◆ Input material
——
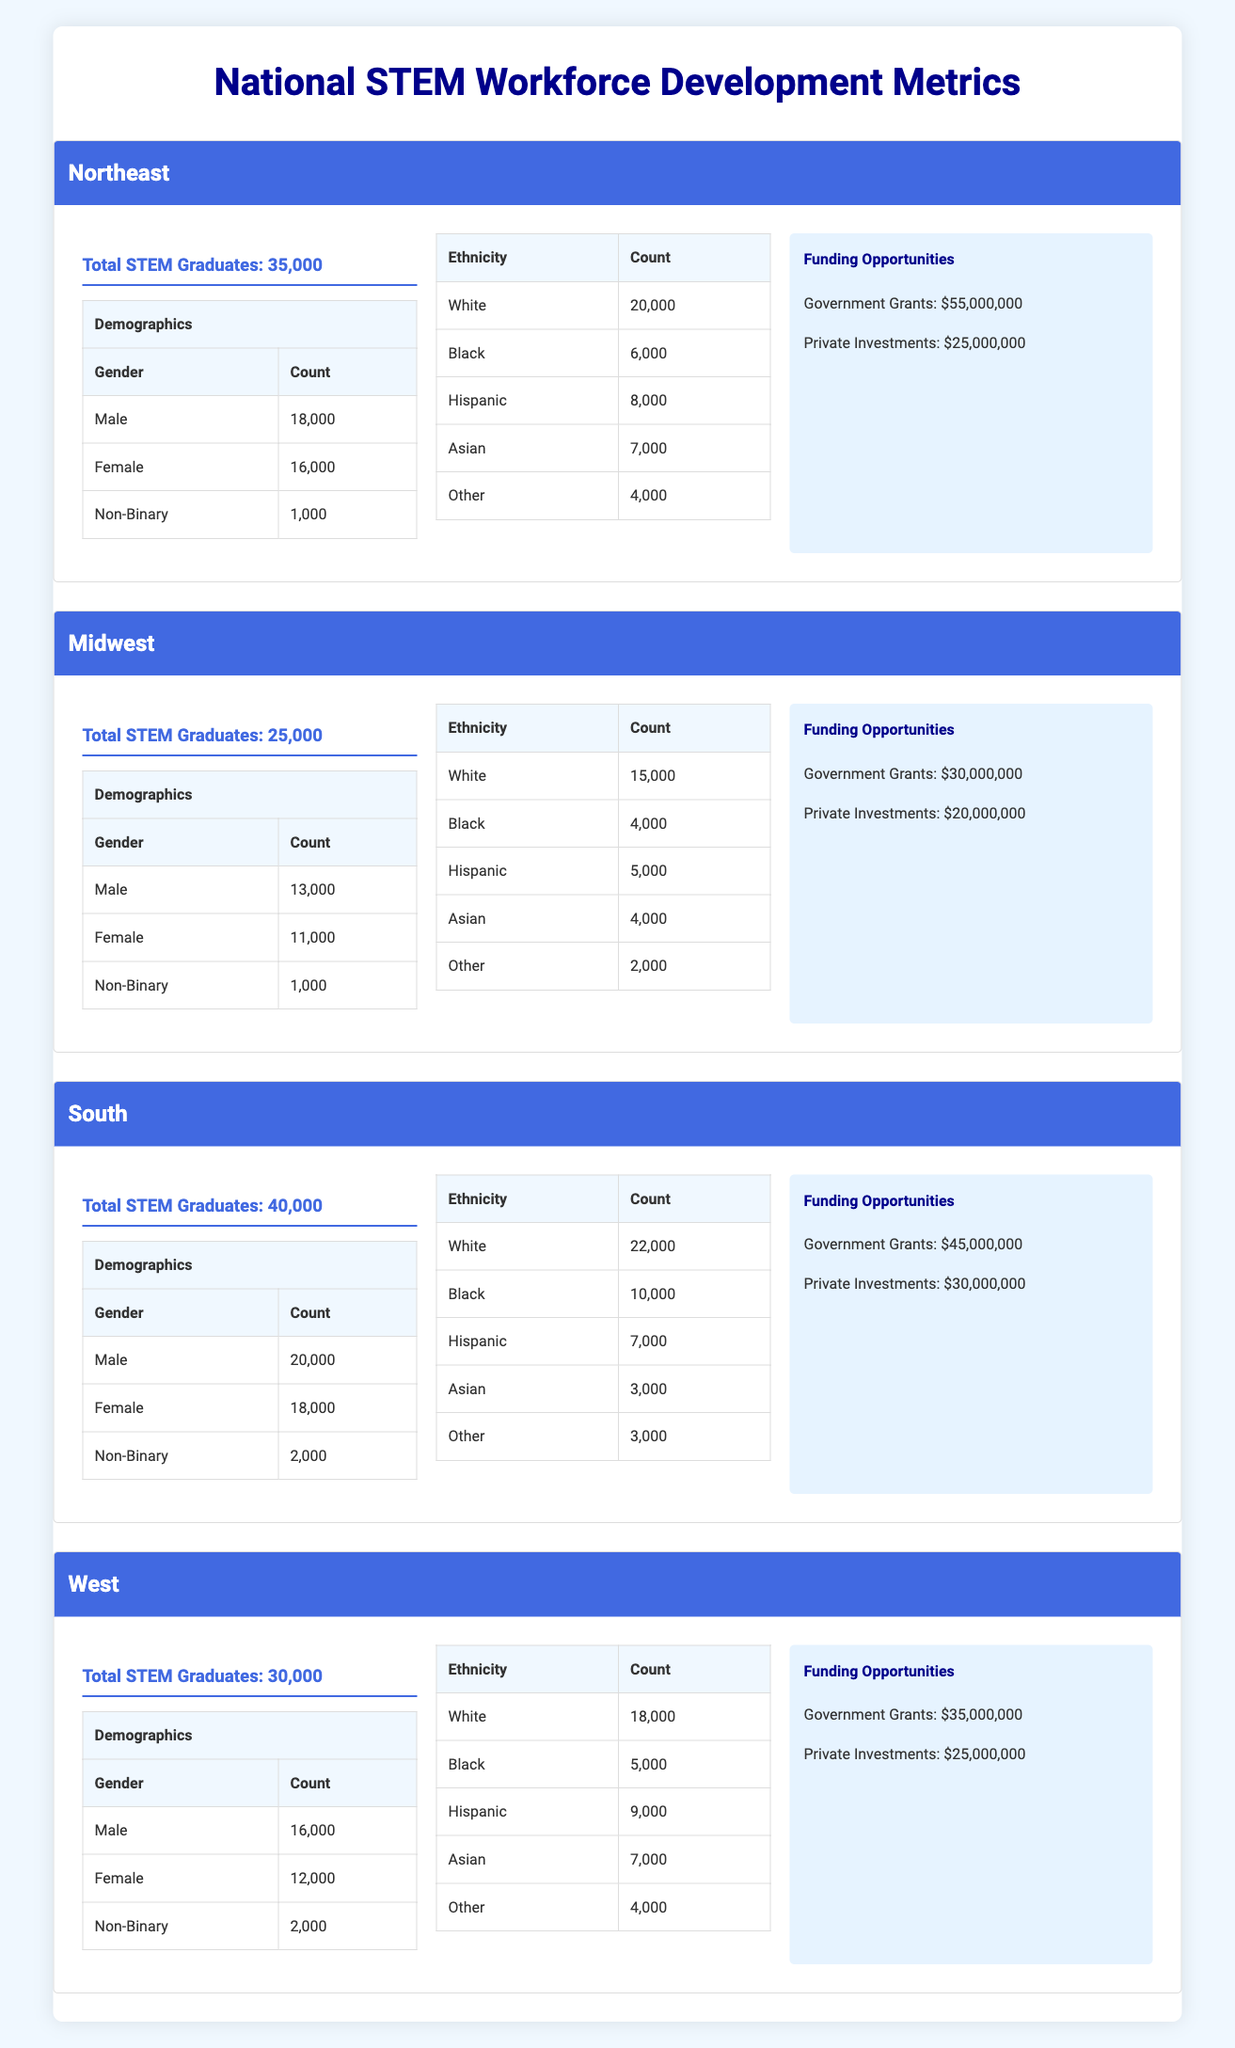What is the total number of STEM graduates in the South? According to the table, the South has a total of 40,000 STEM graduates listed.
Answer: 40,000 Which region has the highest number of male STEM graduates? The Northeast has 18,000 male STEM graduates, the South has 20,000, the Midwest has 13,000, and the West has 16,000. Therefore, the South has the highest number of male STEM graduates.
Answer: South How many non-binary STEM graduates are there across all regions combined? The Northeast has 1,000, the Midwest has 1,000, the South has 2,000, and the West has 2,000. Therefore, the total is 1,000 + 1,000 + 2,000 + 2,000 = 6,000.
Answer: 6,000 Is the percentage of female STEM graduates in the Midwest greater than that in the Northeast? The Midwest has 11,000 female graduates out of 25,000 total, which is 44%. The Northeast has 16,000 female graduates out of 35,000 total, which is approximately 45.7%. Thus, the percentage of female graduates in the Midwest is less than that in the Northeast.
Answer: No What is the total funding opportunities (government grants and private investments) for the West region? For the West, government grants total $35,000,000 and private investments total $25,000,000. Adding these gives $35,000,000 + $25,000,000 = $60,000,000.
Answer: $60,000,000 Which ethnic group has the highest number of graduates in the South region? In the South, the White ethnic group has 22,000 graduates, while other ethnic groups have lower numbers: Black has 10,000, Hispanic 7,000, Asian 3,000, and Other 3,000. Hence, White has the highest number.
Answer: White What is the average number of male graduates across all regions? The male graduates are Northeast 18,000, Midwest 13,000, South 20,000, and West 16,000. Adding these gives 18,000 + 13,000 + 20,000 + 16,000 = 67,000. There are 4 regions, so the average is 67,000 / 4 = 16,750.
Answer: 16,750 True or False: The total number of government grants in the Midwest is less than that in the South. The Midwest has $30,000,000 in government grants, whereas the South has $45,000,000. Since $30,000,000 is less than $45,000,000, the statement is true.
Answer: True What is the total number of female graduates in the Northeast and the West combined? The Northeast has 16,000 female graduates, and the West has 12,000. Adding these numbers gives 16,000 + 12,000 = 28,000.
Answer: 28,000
——
Give back all the records as they stand, but with no pictures in the copy.

What is the total number of STEM graduates in the South? According to the table, the South has a total of 40,000 STEM graduates listed.
Answer: 40,000 Which region has the highest number of male STEM graduates? The Northeast has 18,000 male STEM graduates, the South has 20,000, the Midwest has 13,000, and the West has 16,000. Therefore, the South has the highest number of male STEM graduates.
Answer: South How many non-binary STEM graduates are there across all regions combined? The Northeast has 1,000, the Midwest has 1,000, the South has 2,000, and the West has 2,000. Therefore, the total is 1,000 + 1,000 + 2,000 + 2,000 = 6,000.
Answer: 6,000 Is the percentage of female STEM graduates in the Midwest greater than that in the Northeast? The Midwest has 11,000 female graduates out of 25,000 total, which is 44%. The Northeast has 16,000 female graduates out of 35,000 total, which is approximately 45.7%. Thus, the percentage of female graduates in the Midwest is less than that in the Northeast.
Answer: No What is the total funding opportunities (government grants and private investments) for the West region? For the West, government grants total $35,000,000 and private investments total $25,000,000. Adding these gives $35,000,000 + $25,000,000 = $60,000,000.
Answer: $60,000,000 Which ethnic group has the highest number of graduates in the South region? In the South, the White ethnic group has 22,000 graduates, while other ethnic groups have lower numbers: Black has 10,000, Hispanic 7,000, Asian 3,000, and Other 3,000. Hence, White has the highest number.
Answer: White What is the average number of male graduates across all regions? The male graduates are Northeast 18,000, Midwest 13,000, South 20,000, and West 16,000. Adding these gives 18,000 + 13,000 + 20,000 + 16,000 = 67,000. There are 4 regions, so the average is 67,000 / 4 = 16,750.
Answer: 16,750 True or False: The total number of government grants in the Midwest is less than that in the South. The Midwest has $30,000,000 in government grants, whereas the South has $45,000,000. Since $30,000,000 is less than $45,000,000, the statement is true.
Answer: True What is the total number of female graduates in the Northeast and the West combined? The Northeast has 16,000 female graduates, and the West has 12,000. Adding these numbers gives 16,000 + 12,000 = 28,000.
Answer: 28,000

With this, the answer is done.